I would just say something like, "So-and-so, in her book Cooking to Kill, gives a recipe something like this one.  But I have changed things a little by...."   Then just write it up in your own terms, without following the original text. 

Copyright issues like this are not hard to understand when you consider that it's copyright, not patent, so what's protected is the actual literal text or graphic, not the formula. Don't copy the author's text, and you're not afoul of copyright. 

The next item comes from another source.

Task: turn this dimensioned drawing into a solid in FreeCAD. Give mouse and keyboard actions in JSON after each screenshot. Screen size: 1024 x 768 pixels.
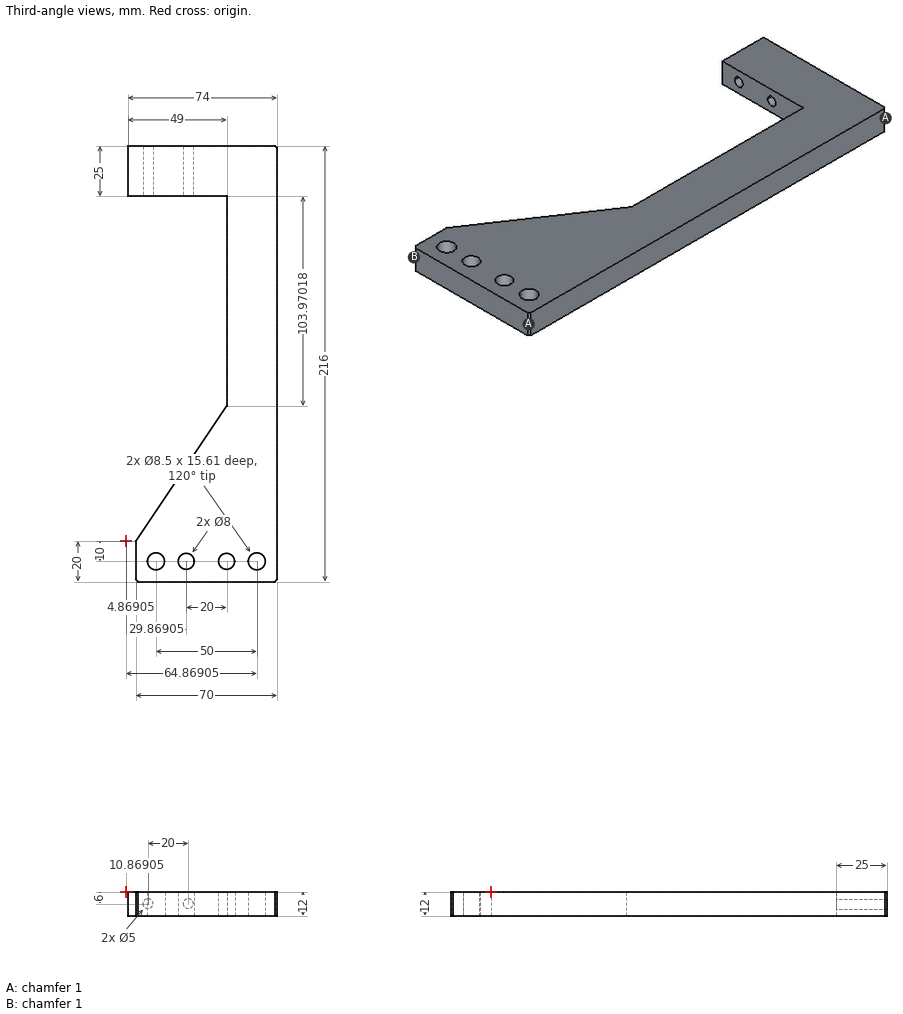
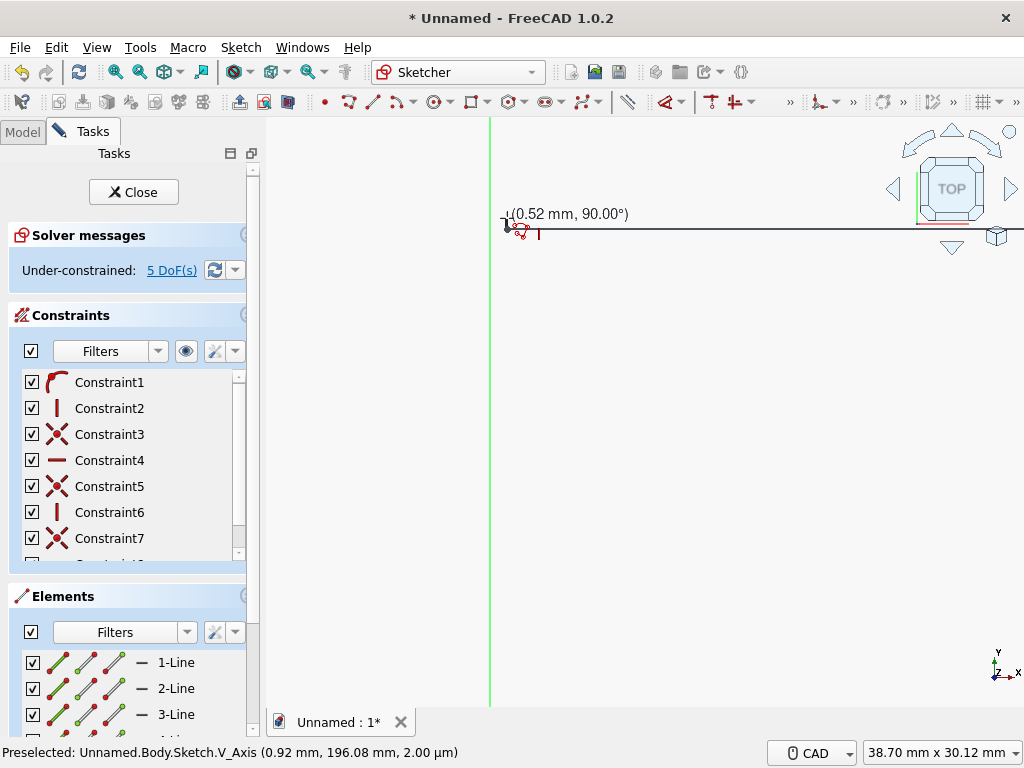
{"action": "scroll", "coordinate": [512, 220], "scroll_direction": "down", "scroll_amount": 12}

Crediting the formula, the ingredients and steps (not using the same words) to the original author is just courtesy.


----------



## CWS4322 (Sep 29, 2012)

Patents are expensive to maintain. However, copyright violation does carry a hefty financial penalty (in Canada, it is $50K and possibly 2 years in jail). I won't go into how I feel about "to the original author is just a courtesy." "Not using the same words" is a form of plagiarism Plagerism legal definition of Plagerism. Plagerism synonyms by the Free Online Law Dictionary. and should not be encouraged, IMO.


----------



## PrincessFiona60 (Sep 29, 2012)

CWS4322 said:


> Review:
> 
> http://www.discusscooking.com/forums/misc.php?do=sknetwork&page=rules
> 
> for the rules re: the forum and posting recipes from sources that are copyrighted.



CWS is exactly right.  The link goes directly to the Community Rules on posting standards, including the posting of Copyright material.

Thanks, CWS!


----------



## CraigC (Sep 30, 2012)

See if you can find the recipe from the book online and just provide a link.


----------



## Greg Who Cooks (Oct 1, 2012)

There is no joy in cutting and pasting a recipe from a book. All that does is help distribute a copyrighted work bypassing payment to the author and publisher. Instead, do what I do.

As stated above, (1) a list of ingredients cannot be copyrighted. (2) The copyrighted work is the text describing the recipe's method.

So go cook the recipe several times, then put away the book and cook the recipe again and write down what you did. Post that, along with the original list of ingredients. (Or change them. By the time you've cooked it several times you'll probably want to change something.)


----------